**THE TASK**
Please return every line of the records below that contains the word "compact".
###
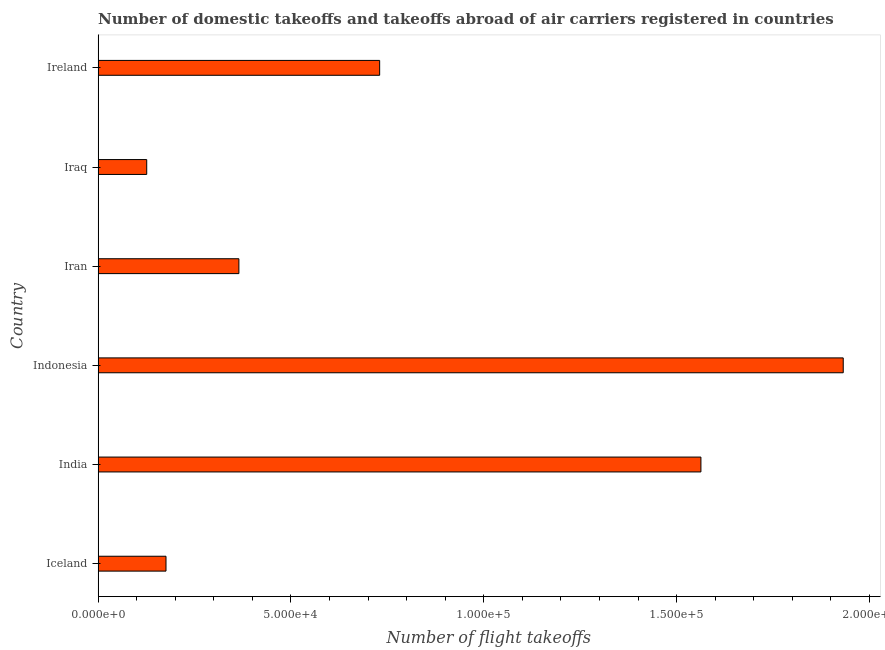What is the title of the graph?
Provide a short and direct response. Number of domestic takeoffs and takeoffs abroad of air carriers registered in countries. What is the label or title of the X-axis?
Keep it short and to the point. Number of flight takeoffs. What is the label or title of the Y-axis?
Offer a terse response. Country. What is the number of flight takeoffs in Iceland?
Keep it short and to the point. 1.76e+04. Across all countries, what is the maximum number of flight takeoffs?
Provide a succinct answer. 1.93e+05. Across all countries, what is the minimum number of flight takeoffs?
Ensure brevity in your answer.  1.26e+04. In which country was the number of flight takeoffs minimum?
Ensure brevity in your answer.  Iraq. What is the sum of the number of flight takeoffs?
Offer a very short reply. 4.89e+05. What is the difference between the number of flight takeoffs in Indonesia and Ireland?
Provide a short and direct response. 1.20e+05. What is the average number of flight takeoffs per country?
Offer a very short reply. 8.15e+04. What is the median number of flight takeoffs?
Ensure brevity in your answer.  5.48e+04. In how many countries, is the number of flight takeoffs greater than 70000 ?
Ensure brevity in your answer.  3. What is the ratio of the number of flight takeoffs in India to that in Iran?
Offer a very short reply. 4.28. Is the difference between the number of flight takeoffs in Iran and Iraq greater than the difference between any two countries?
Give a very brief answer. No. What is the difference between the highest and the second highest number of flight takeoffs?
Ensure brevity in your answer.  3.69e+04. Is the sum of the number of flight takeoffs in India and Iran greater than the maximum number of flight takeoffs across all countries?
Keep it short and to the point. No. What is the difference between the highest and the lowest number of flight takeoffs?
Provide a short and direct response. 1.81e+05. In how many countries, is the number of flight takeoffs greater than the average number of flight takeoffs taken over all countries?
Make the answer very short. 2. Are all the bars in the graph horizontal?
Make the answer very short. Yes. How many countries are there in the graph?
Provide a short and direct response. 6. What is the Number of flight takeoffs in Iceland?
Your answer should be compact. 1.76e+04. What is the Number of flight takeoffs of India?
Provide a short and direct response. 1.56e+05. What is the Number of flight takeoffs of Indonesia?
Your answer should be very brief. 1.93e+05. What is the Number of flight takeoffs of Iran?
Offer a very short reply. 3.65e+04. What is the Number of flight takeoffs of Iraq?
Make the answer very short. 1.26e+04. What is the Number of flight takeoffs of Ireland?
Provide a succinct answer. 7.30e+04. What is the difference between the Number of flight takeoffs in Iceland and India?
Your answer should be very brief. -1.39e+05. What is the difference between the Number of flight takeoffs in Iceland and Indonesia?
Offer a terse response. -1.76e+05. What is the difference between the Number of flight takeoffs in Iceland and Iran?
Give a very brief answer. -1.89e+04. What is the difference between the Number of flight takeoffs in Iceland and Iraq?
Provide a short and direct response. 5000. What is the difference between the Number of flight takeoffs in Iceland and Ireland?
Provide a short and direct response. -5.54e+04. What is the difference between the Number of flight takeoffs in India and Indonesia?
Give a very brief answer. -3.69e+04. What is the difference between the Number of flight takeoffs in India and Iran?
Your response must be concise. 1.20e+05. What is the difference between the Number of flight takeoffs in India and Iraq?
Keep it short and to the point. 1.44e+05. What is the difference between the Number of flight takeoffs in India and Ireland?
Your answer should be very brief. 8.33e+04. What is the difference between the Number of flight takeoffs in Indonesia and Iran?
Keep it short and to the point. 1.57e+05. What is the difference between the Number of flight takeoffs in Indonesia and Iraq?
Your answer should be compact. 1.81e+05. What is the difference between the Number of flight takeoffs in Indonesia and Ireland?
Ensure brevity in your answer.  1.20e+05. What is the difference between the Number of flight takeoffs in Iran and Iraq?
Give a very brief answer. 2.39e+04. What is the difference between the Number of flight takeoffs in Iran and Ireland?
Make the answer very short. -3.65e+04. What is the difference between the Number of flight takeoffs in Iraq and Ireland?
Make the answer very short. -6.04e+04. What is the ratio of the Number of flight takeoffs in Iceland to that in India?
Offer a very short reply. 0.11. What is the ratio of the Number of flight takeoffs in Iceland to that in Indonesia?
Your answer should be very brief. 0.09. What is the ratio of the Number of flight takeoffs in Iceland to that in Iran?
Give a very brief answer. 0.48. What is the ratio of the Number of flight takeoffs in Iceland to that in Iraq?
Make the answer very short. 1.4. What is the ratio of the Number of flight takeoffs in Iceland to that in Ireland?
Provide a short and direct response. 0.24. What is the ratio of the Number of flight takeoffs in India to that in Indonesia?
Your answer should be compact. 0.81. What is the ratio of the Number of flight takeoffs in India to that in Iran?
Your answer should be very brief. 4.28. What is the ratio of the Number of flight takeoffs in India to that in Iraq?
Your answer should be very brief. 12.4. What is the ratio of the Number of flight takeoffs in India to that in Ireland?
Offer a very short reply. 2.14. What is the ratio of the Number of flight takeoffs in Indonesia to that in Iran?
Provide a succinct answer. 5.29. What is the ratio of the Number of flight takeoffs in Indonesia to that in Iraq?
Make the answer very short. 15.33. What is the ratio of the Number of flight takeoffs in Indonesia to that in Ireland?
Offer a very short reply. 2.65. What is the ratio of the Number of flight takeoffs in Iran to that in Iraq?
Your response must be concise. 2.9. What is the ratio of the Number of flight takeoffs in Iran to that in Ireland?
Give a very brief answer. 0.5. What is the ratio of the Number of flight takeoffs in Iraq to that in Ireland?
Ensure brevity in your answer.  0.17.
###
**SOLUTION**
Your answer should be compact. 1.76e+04. What is the Number of flight takeoffs of India?
Your answer should be compact. 1.81e+05. What is the difference between the Number of flight takeoffs in Indonesia and Ireland?
Your answer should be compact. 0.81. What is the ratio of the Number of flight takeoffs in India to that in Iran?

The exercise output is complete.